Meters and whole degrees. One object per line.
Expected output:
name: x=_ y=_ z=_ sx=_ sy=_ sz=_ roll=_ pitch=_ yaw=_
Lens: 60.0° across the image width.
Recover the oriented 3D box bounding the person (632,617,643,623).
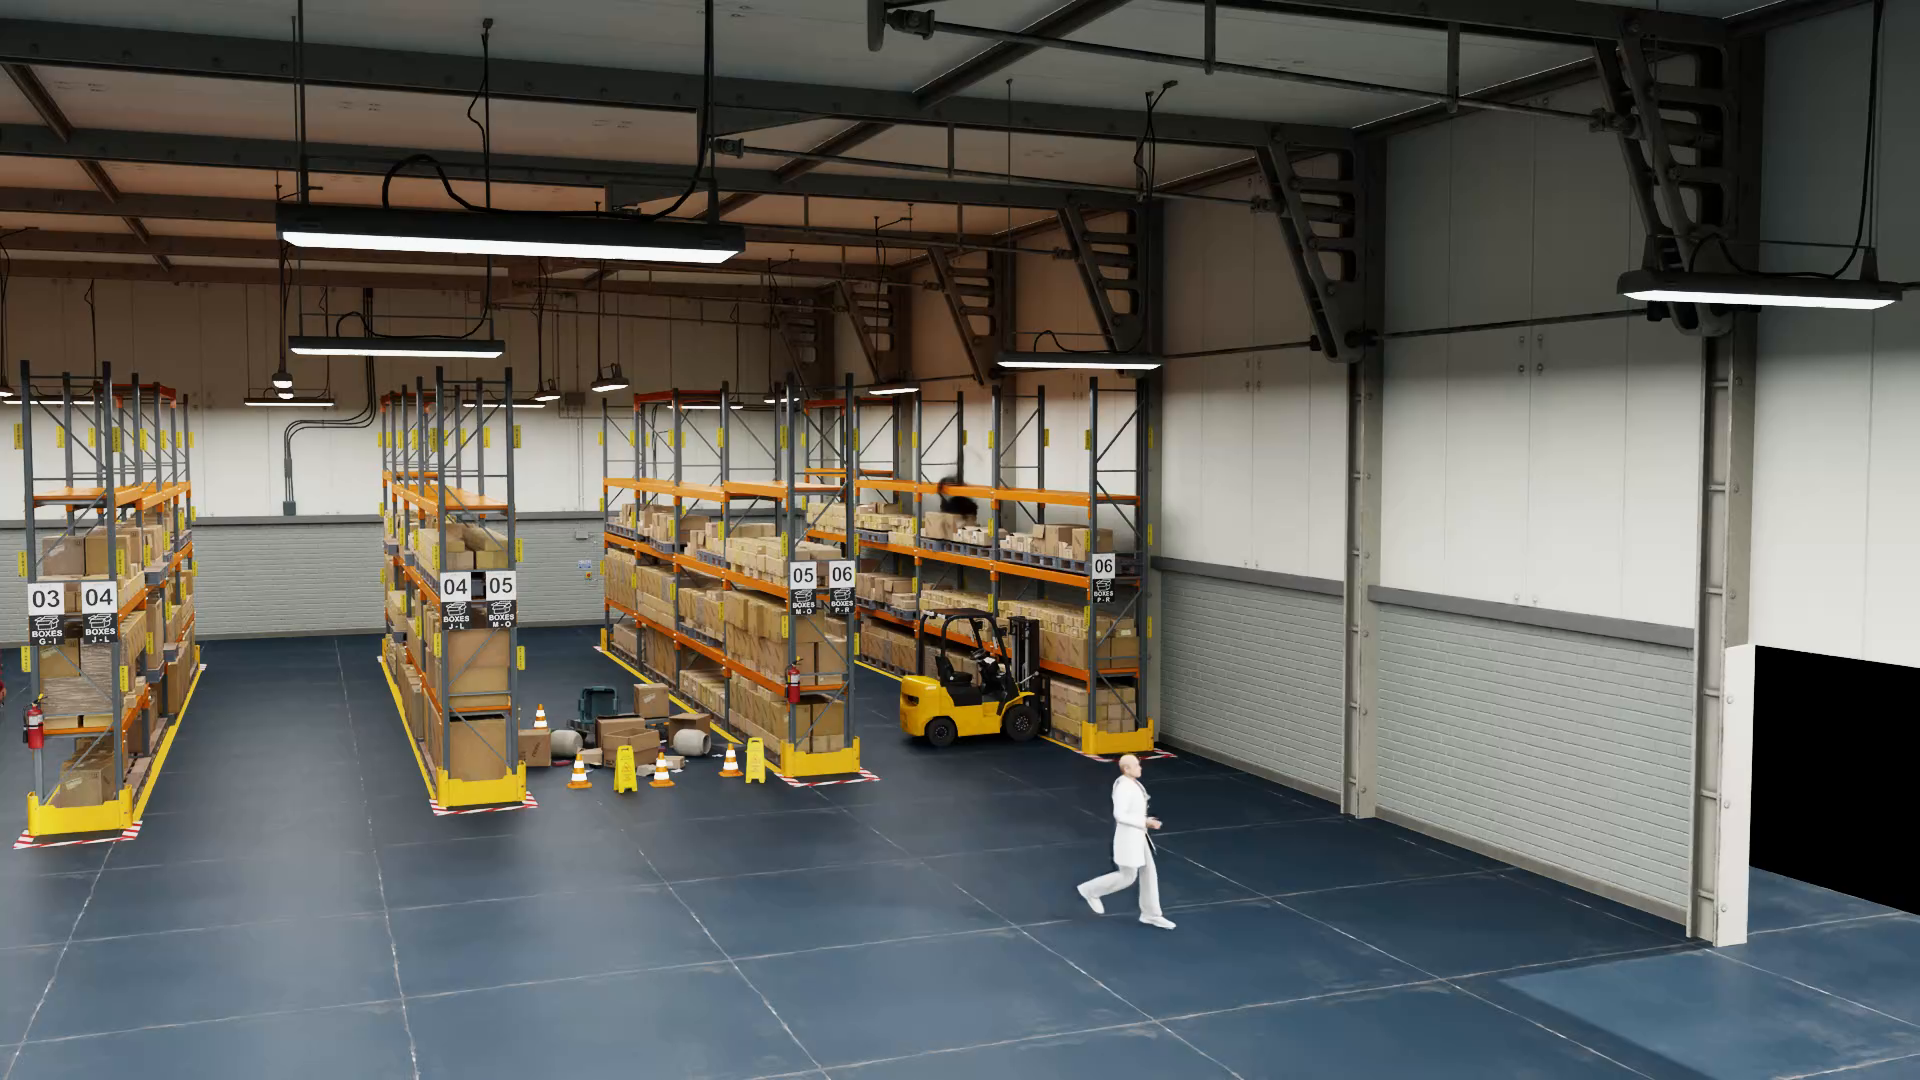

★ ★ ★

■ ABOUT THIS TASK: This task calls for the records to be copied exactly, without pictures.

■ REPLY TO THE EXERCISE:
Meters and whole degrees. One object per line.
Expected output:
name: x=_ y=_ z=_ sx=_ sy=_ sz=_ roll=_ pitch=_ yaw=_
Lens: 60.0° across the image width.
Recover the oriented 3D box bounding the person (632,617,643,623).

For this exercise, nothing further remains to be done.